I spend most of my life in a variety of customer sites. Most of these nowadays tend to be large financial organizations. When I talk to developers in those organizations, and ask them about how they interact with their DBAs, I can't tell you how often I hear that they try to avoid ever making schema changes, etc. as it takes too long and the process is painful.

When I talk to the DBAs at the same organizations, and I ask them why they resist making schema changes, I hear this:

If they change the database, they believe someone will scream at them, but they don't know who because:

  • They have no visibility on the code that touches the database so
  • They do not know what they are about to break.

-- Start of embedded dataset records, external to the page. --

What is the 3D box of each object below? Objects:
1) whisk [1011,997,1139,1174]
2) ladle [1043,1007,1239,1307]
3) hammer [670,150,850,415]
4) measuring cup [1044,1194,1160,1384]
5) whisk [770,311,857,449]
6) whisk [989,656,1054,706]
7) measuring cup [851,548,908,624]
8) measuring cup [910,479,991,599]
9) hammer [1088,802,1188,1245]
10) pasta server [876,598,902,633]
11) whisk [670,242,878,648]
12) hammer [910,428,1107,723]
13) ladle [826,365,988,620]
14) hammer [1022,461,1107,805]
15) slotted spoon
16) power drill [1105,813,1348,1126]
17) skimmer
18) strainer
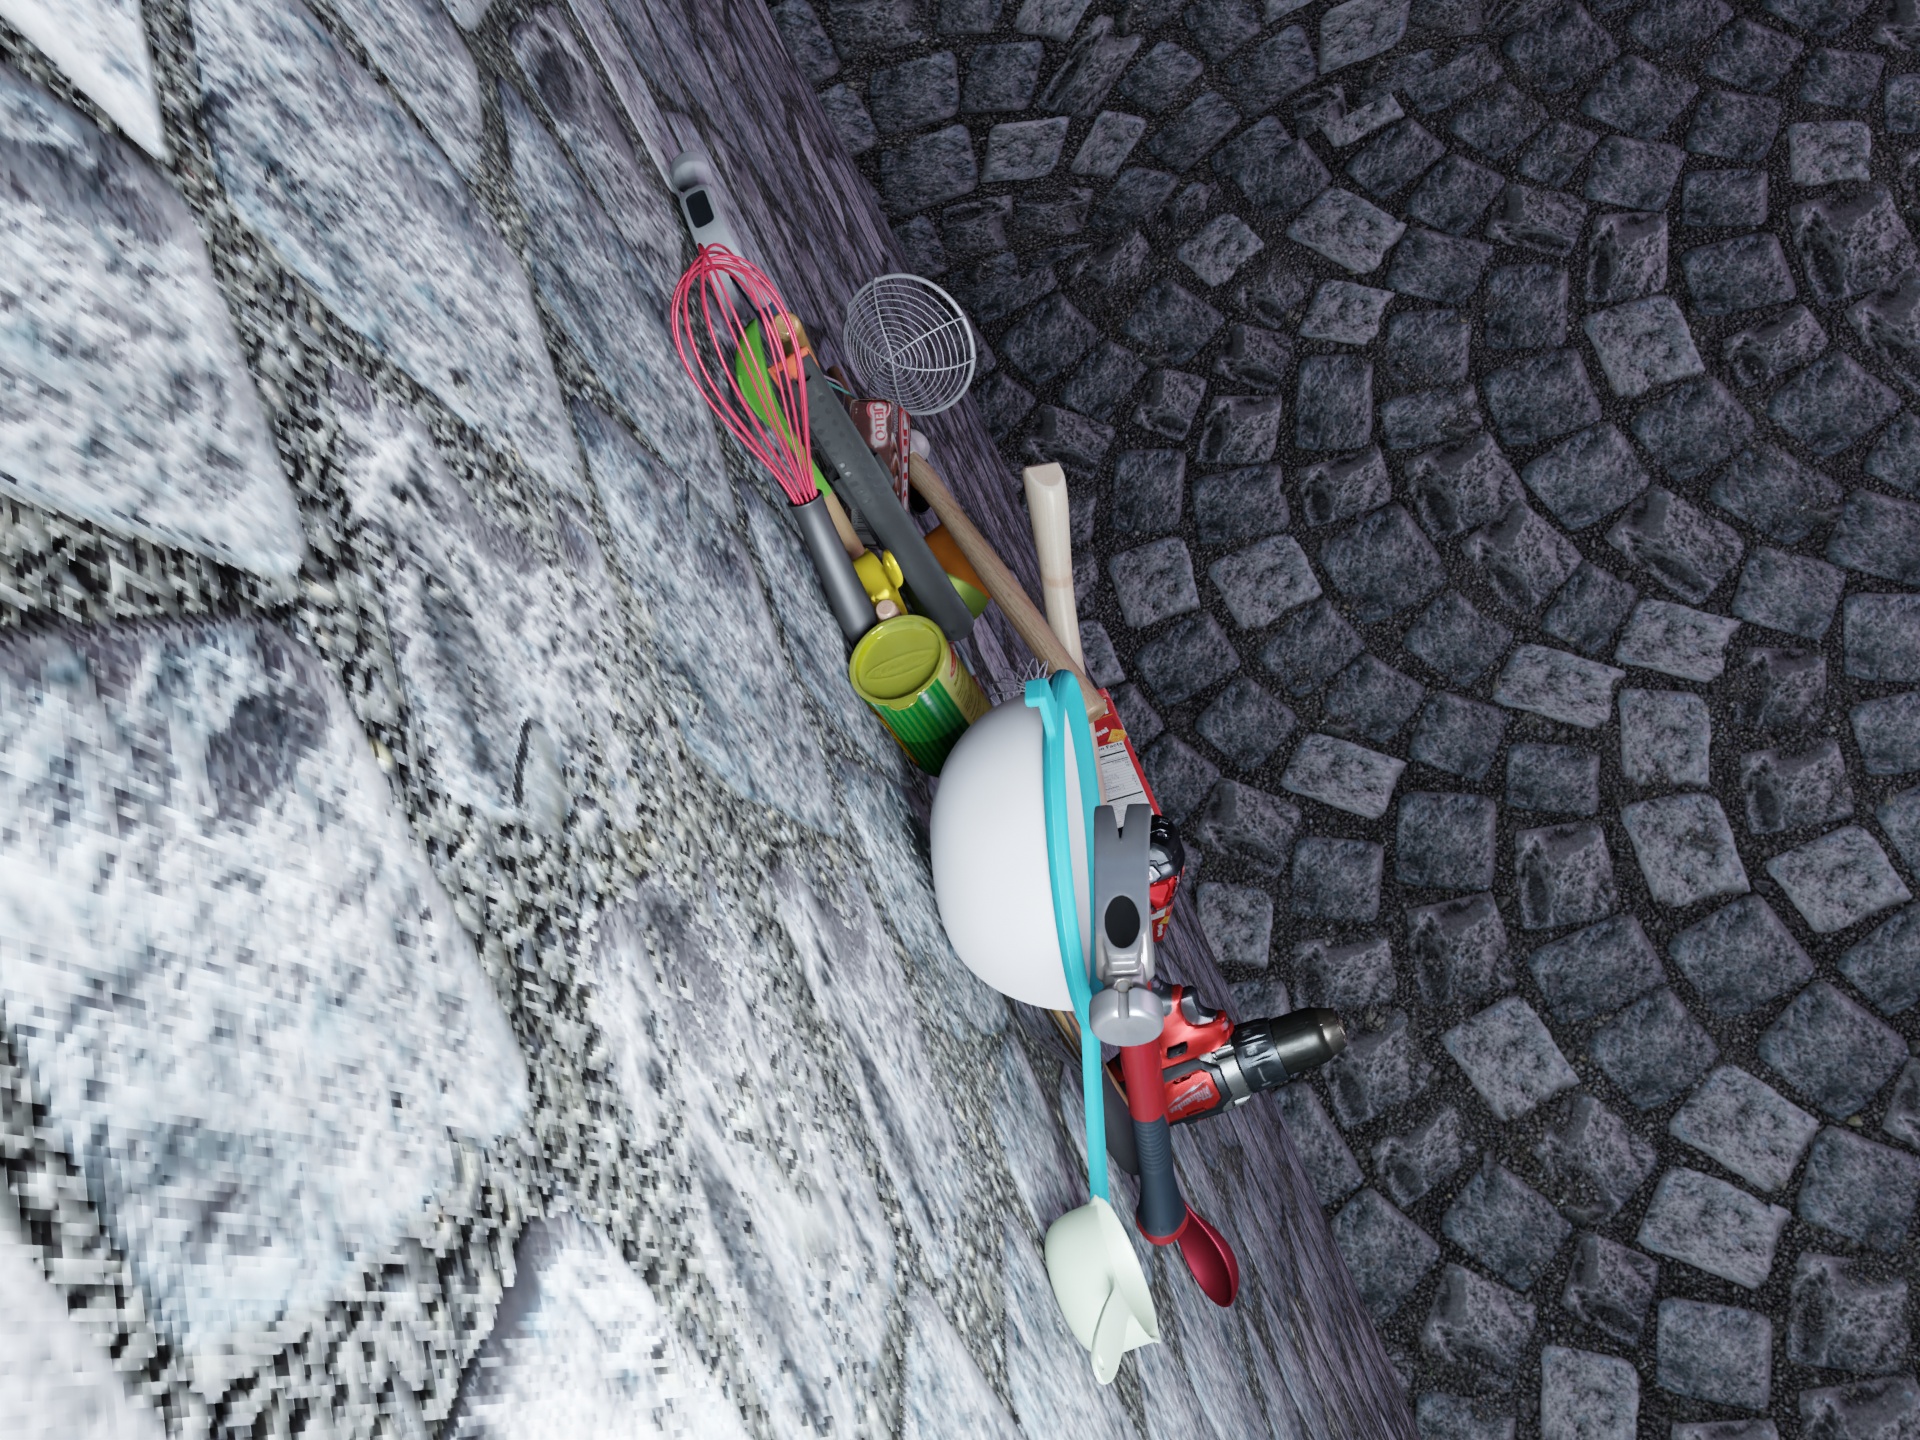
[{"bbox_3d":[0.086,0.237,1.084,0.055,0.055,0.238,-103,170,-54],"label":"whisk"},{"bbox_3d":[0.130,0.308,1.174,0.315,0.031,0.069,59,-21,-17],"label":"ladle"},{"bbox_3d":[-0.134,-0.297,1.278,0.330,0.033,0.128,53,14,-55],"label":"hammer"},{"bbox_3d":[0.063,0.295,0.792,0.083,0.038,0.167,66,10,3],"label":"measuring cup"},{"bbox_3d":[-0.106,-0.244,1.159,0.245,0.051,0.047,67,8,-83],"label":"whisk"},{"bbox_3d":[0.046,-0.006,1.350,0.284,0.070,0.070,129,-63,-82],"label":"whisk"},{"bbox_3d":[-0.057,-0.089,1.053,0.062,0.029,0.156,60,-6,0],"label":"measuring cup"},{"bbox_3d":[-0.033,-0.177,1.527,0.173,0.052,0.095,50,8,-1],"label":"measuring cup"},{"bbox_3d":[0.114,0.214,0.986,0.385,0.038,0.143,77,13,-49],"label":"hammer"},{"bbox_3d":[-0.002,-0.004,1.155,0.316,0.040,0.060,61,20,-59],"label":"pasta server"},{"bbox_3d":[-0.104,-0.155,0.987,0.073,0.073,0.295,-100,170,-60],"label":"whisk"},{"bbox_3d":[0.020,-0.135,1.350,0.331,0.031,0.130,56,11,15],"label":"hammer"},{"bbox_3d":[-0.057,-0.212,1.436,0.078,0.062,0.320,37,26,-57],"label":"ladle"},{"bbox_3d":[0.098,-0.023,1.415,0.146,0.038,0.410,-145,-135,-73],"label":"hammer"},{"bbox_3d":[-0.087,-0.138,1.134,0.070,0.031,0.313,-108,172,-63],"label":"slotted spoon"},{"bbox_3d":[0.167,0.189,1.188,0.080,0.188,0.226,-57,124,-74],"label":"power drill"},{"bbox_3d":[-0.039,-0.296,1.519,0.127,0.090,0.363,25,-11,9],"label":"skimmer"},{"bbox_3d":[0.036,0.142,0.949,0.211,0.095,0.340,10,76,-80],"label":"strainer"}]

So where is this code that the DBAs can't see or test?

  • Embedded in applications (or generated within the application dynamically) – often in widely-differing technology stacks (.NET, Java, etc.)
  • Embedded in Excel spreadsheets
  • Embedded in Reporting Services Reports
  • Embedded in Power BI Dashboards
  • Embedded in Analysis Services data sources
  • Embedded in SSIS Packages
  • Embedded in Access databases
  • And so on and so on.

What this means is that if the DBAs want to change the database, they have absolutely no way of knowing, at all, what they are about to break, unless they have tested every spreadsheet, have run every option in every report, have run every combination of SSIS packages, have reprocessed every analytic data model, have used every feature in every application, etc, etc.

That's never going to happen, so what do they do? They push back on any changes.

image

If I talk to the developers, and ask them why they built this pile of cards, I'm invariably told that they had to be agile. Yet what they don't understand is that what they have built is the complete opposite of agile. They have actually built a house of cards where no-one is game to touch anything. And we know where that all ends.

image

This is why I'm so much of a fan of having at least one layer of abstraction (yes that's procs and views) within the database. Then at least, the DBAs have visibility in the code touching the database.

In a slightly better world, the data people would also have unit tests wrapped around those procs and views. Then, when they need to make a change, they could just re-run the tests, and at least know that they haven't broken every report, spreadsheet, etc. in the organization.

I know that many might disagree, but I believe that if you are putting anything that looks like T-SQL logic directly into an application, into a spreadsheet, Reporting Services report, Analysis Services data source, Access database, etc., you're building a problem faster than you're building your applications.